Lloyds Open Banking Challenge Hackathon, #BuildanOpenBank, held on the 16-17 November 2017, had 14 teams including SAP taking part. The goal was to show, within 48 hours, an Open Banking value proposition, how it would work and a business plan.
SAP looked at how a bank might address the needs of people that are vulnerable or becoming so, such as Alzheimer’s. In the UK, 1 in 70 suffer from the on-set of this debilitating yet predictable disease. Our team used a persona, “Glenda Wichita” to show
a business case worthy of investment through APIs and intelligent management of the vulnerable person’s account.
Open Banking, with its Trusted Third Party (TTP) approach allows for providers to find, suggest and evaluate a proxy process for “Glenda” (A proxy is an agent, TTP, legally authorized to act on behalf of another party).
The bank can identify the onset of Alzheimer’s or other changing financial risk by analysing the change to usage patterns of the account holder; for example, forgetting to pay the rent, utility bills or any regular payments. Banks currently use predictive
analytics and case work processes for other activities. By using similar processes with the vulnerable, the bank can see observe and confirm signs of deterioration, and gently nudge “Glenda” into seeking advice.
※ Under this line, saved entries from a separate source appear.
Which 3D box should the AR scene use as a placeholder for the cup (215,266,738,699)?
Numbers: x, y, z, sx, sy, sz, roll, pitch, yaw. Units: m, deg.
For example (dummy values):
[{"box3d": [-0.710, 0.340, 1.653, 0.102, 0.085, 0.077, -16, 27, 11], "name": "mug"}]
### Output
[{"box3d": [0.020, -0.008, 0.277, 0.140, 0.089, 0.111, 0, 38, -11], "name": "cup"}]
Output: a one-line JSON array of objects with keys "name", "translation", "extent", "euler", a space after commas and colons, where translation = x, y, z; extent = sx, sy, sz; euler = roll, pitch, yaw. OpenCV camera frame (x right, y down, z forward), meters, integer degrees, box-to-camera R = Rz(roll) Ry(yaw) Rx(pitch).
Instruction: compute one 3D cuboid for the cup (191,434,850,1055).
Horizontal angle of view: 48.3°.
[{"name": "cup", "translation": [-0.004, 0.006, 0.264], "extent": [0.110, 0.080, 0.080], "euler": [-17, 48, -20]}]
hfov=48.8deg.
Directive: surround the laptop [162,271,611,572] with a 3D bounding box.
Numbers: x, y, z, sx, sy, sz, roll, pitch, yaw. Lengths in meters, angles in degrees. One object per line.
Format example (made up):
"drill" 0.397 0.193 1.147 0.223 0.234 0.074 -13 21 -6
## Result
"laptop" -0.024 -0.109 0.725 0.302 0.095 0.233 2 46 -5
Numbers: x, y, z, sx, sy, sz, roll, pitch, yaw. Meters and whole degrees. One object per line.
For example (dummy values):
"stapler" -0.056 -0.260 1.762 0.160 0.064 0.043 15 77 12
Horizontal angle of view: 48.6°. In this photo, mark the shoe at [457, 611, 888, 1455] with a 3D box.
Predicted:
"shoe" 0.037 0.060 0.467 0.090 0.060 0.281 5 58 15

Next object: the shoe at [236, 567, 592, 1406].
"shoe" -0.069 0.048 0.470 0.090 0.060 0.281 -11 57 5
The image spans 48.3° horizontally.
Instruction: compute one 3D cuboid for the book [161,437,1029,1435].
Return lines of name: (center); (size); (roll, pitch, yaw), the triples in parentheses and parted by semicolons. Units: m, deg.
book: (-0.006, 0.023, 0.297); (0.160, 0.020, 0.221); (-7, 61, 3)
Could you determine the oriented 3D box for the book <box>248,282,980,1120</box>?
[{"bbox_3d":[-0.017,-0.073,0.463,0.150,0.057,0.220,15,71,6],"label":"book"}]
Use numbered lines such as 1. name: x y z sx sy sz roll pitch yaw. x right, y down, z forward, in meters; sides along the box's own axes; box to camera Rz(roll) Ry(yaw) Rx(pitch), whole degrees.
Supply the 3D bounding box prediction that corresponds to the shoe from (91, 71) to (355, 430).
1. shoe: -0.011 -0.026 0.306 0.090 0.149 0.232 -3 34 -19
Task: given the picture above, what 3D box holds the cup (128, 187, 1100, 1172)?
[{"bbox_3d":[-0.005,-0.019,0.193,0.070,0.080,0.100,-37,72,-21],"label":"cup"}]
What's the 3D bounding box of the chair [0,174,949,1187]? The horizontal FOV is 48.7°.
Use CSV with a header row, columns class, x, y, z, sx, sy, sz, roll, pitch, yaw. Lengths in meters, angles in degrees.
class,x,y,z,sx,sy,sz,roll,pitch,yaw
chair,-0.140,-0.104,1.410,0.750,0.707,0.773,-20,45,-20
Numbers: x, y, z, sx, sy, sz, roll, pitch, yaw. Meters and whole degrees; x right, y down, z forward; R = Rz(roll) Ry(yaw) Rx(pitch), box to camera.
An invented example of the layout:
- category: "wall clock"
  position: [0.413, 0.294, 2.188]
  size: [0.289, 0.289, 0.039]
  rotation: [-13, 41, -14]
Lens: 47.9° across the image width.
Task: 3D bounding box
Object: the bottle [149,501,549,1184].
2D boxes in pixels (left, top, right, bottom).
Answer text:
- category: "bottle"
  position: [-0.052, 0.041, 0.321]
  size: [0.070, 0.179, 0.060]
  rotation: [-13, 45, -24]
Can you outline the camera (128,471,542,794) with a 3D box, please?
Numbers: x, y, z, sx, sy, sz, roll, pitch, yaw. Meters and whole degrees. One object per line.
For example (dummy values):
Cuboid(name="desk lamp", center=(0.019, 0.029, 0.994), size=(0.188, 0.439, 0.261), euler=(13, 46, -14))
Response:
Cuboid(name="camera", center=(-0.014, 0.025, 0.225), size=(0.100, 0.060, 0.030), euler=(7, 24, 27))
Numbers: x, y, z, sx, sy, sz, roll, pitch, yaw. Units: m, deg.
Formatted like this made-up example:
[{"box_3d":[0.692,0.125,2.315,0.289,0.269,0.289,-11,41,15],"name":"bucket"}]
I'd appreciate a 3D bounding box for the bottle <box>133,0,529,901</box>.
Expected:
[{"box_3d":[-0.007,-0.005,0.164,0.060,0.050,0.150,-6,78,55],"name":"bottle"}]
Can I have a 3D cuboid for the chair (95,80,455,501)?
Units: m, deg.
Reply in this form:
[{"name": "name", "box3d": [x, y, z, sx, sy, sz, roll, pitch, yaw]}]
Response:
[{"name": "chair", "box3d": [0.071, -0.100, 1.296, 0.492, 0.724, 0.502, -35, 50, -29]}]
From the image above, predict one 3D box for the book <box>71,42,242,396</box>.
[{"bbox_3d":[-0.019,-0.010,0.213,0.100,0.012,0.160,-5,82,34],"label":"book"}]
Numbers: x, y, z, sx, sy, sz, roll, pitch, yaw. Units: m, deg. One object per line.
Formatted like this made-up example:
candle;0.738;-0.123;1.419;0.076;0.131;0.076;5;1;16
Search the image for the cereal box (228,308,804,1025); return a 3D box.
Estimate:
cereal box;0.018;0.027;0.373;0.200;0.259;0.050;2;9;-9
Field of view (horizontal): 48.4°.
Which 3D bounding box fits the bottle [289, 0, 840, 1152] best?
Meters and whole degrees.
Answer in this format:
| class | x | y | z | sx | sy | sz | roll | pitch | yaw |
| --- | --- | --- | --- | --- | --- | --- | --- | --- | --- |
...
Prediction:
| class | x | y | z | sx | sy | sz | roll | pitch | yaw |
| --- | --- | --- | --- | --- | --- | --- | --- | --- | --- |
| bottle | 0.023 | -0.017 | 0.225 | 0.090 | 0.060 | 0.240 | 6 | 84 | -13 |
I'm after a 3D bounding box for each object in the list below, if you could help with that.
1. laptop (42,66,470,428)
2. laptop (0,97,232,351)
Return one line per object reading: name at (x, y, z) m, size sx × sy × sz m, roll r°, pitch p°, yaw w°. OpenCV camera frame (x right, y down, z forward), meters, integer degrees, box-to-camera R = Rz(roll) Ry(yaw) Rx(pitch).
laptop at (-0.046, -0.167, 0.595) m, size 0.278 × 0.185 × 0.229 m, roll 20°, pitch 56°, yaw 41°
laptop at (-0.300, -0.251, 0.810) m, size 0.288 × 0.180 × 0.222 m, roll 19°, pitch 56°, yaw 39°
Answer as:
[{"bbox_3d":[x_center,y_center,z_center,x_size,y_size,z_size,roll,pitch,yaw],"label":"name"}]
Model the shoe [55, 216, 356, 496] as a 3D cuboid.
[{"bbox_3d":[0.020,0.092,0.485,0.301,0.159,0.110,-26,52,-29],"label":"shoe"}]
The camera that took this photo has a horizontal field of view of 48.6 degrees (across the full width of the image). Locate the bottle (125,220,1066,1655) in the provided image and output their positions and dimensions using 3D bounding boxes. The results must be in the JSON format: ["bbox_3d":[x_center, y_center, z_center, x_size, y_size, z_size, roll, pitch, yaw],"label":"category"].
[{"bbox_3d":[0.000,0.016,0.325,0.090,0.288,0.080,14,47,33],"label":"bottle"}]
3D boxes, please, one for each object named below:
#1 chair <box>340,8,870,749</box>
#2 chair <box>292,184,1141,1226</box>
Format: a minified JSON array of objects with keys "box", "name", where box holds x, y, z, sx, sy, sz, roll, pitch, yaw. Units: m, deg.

Once it is established that “Glenda” is at risk, a proxy process needs to be pursued, essentially, power of attorney over the account. Currently, the power of attorney privileges tends to be binary, the proxy having complete or no control over the account.
The banking industry currently handles accounts manually with workarounds. For example, a bank sets up a joint account to cover a proxy added to that account, or the person at risk handing over their on-line details to a proxy to act as “Glenda”.
The onboarding of the vulnerable person into the proxy process needs sensitivity in its approach and handling from the bank. The solution provides great comfort and reduces risk to the financially vulnerable. The Bank can also provide a view on the appropriateness
of Glenda’s proxy.
A change to the proxy process is required and what is needed is a variable and increasing or decreasing level of control over an account based on the vulnerability. Each vulnerability is different, with Alzheimer’s the person at risk’s condition is worsening
and the proxy, in turn, needs more control over the account.
Open Banking’s Open APIs and cloud technology supports the vulnerable on proxy banking, and at the Hackathon the SAP team demonstrated:
- Detecting anomalous events
- Showing how “Glenda” is becoming vulnerable
- Knowing “Glenda’s” circumstances and identifying a suitable proxy
The business case has a respectable ROI when including:
- Income for providing and servicing proxy banking
- Cost reduction by eliminating the manual workarounds
- Using technology to show the true size of this market within the client base
- No regulator fines as the bank is compliant to ‘fair banking’ for the vulnerable
Through Open Banking, banks can ensure that the vulnerable are protected, their needs managed and this process is financially rewarding to the bank and/or the trusted third party. By identifying and assisting vulnerable people in their financials, banks
become an increasingly caring, trusted and relevant member of the community.